*Goal of the exercise:* Please transcribe the listing below exactly, but only from the line containing "Now the rack shelf (893,374,1022,572)." through its last line.
···
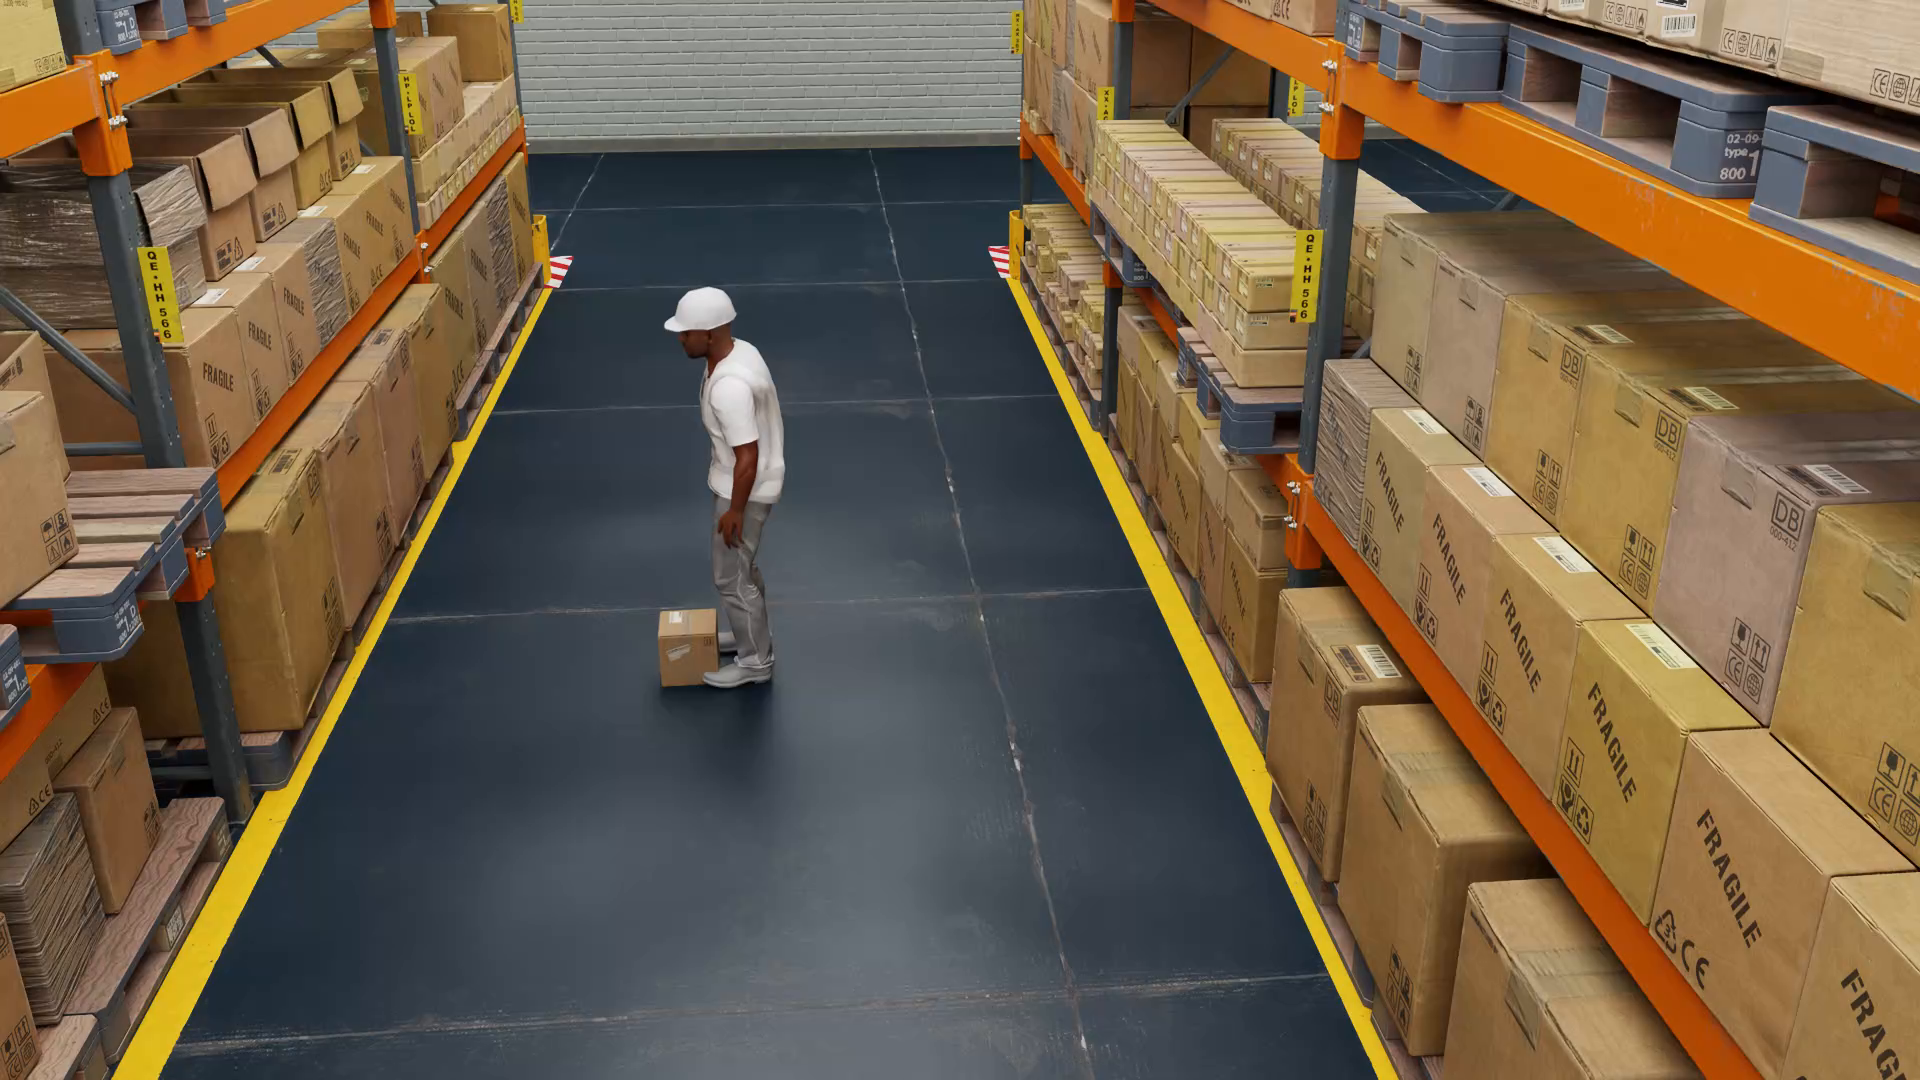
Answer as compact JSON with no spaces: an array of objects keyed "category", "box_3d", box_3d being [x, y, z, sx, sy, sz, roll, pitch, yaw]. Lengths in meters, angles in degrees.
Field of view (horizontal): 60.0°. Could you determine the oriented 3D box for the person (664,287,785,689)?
[{"category":"person","box_3d":[-0.975,-0.227,7.098,0.463,1.759,0.626,-3,24,-8]}]
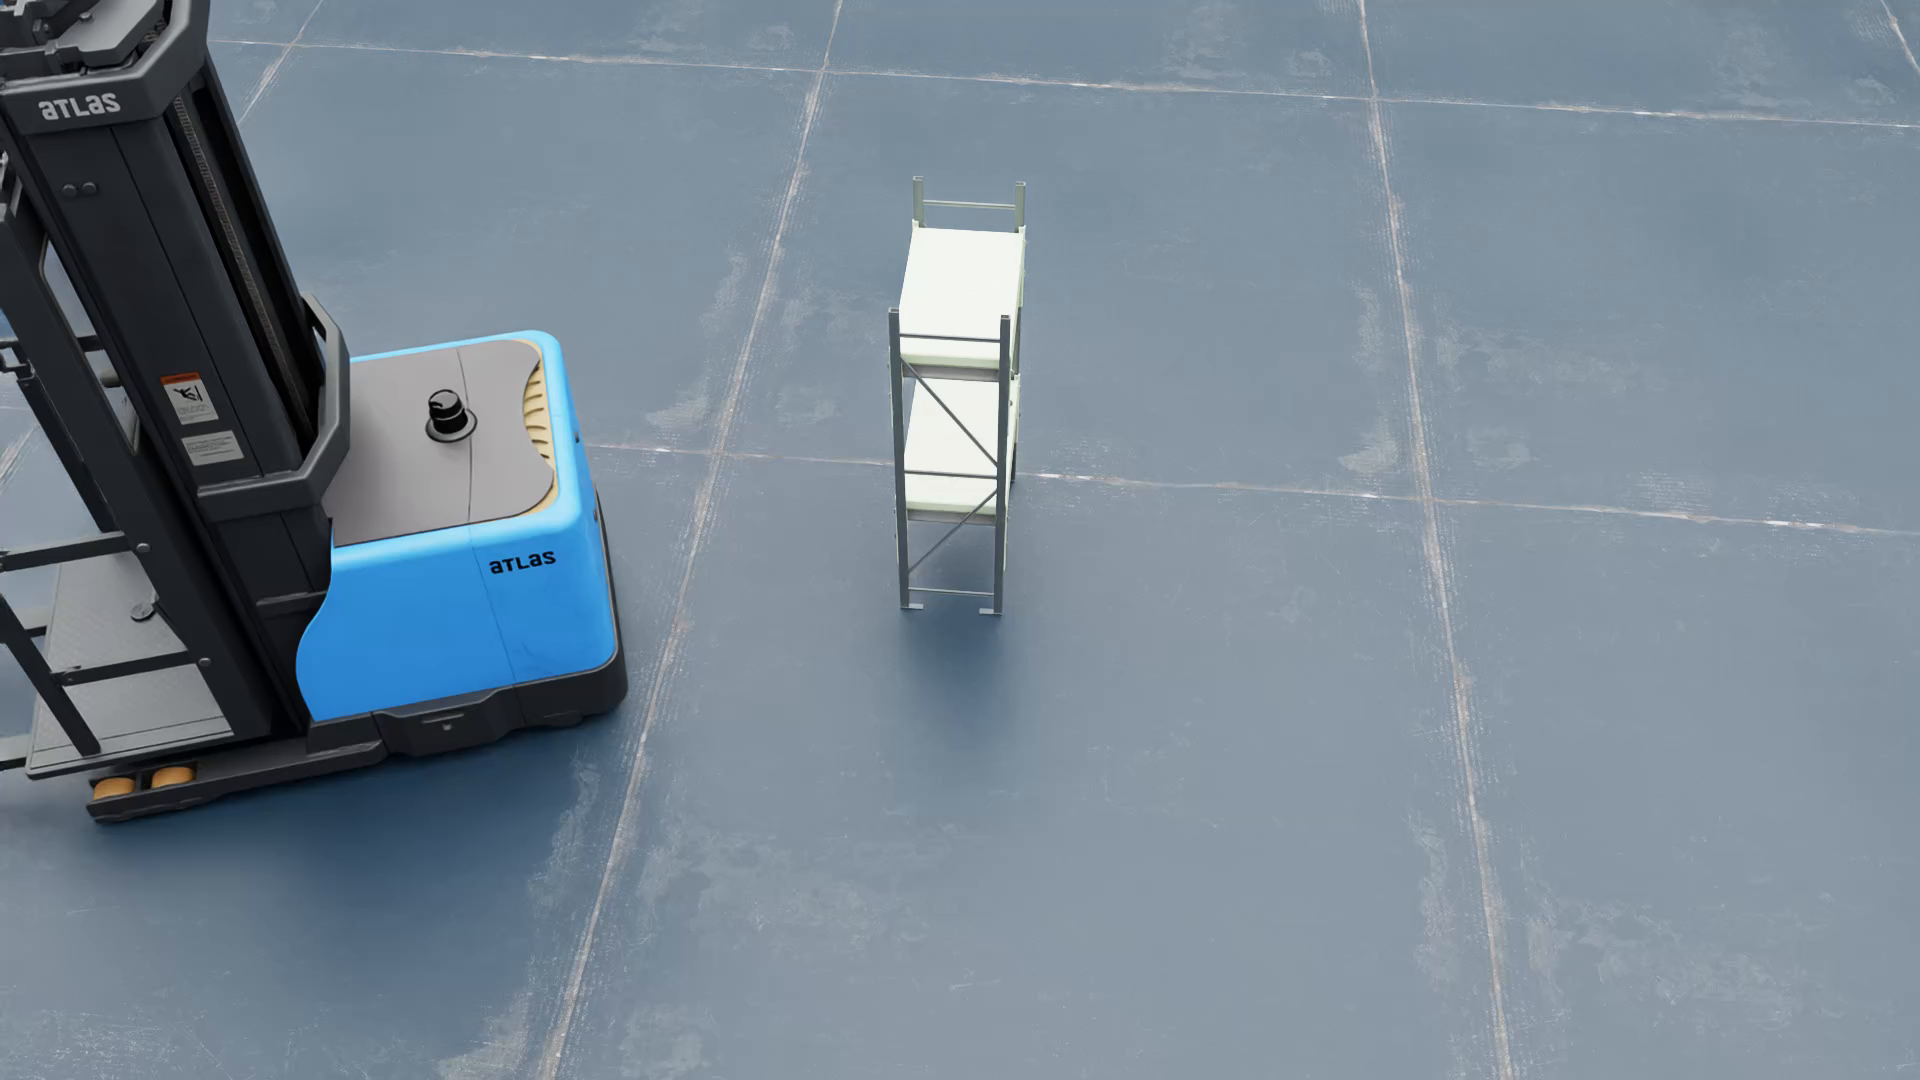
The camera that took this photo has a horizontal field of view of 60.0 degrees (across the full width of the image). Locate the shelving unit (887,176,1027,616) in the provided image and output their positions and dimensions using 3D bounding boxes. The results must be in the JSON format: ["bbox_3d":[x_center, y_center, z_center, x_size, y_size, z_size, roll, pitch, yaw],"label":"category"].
[{"bbox_3d":[-0.001,-0.501,6.218,0.431,1.500,0.755,4,48,4],"label":"shelving unit"}]

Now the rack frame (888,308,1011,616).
[{"bbox_3d":[-0.034,-0.232,5.972,0.400,1.500,0.023,4,48,4],"label":"rack frame"}]

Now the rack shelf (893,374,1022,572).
[{"bbox_3d":[-0.001,-0.281,6.459,0.431,0.370,0.720,4,48,4],"label":"rack shelf"}]

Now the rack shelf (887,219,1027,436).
[{"bbox_3d":[-0.001,-0.765,5.930,0.431,0.370,0.720,4,48,4],"label":"rack shelf"}]

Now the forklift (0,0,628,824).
[{"bbox_3d":[-2.806,-0.432,5.185,3.031,2.935,1.130,-10,48,-9],"label":"forklift"}]

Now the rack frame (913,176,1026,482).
[{"bbox_3d":[0.033,-0.770,6.464,0.400,1.500,0.023,4,48,4],"label":"rack frame"}]
···
*Problem solution:*
Now the rack shelf (893,374,1022,572).
[{"bbox_3d":[-0.001,-0.281,6.459,0.431,0.370,0.720,4,48,4],"label":"rack shelf"}]

Now the rack shelf (887,219,1027,436).
[{"bbox_3d":[-0.001,-0.765,5.930,0.431,0.370,0.720,4,48,4],"label":"rack shelf"}]

Now the forklift (0,0,628,824).
[{"bbox_3d":[-2.806,-0.432,5.185,3.031,2.935,1.130,-10,48,-9],"label":"forklift"}]

Now the rack frame (913,176,1026,482).
[{"bbox_3d":[0.033,-0.770,6.464,0.400,1.500,0.023,4,48,4],"label":"rack frame"}]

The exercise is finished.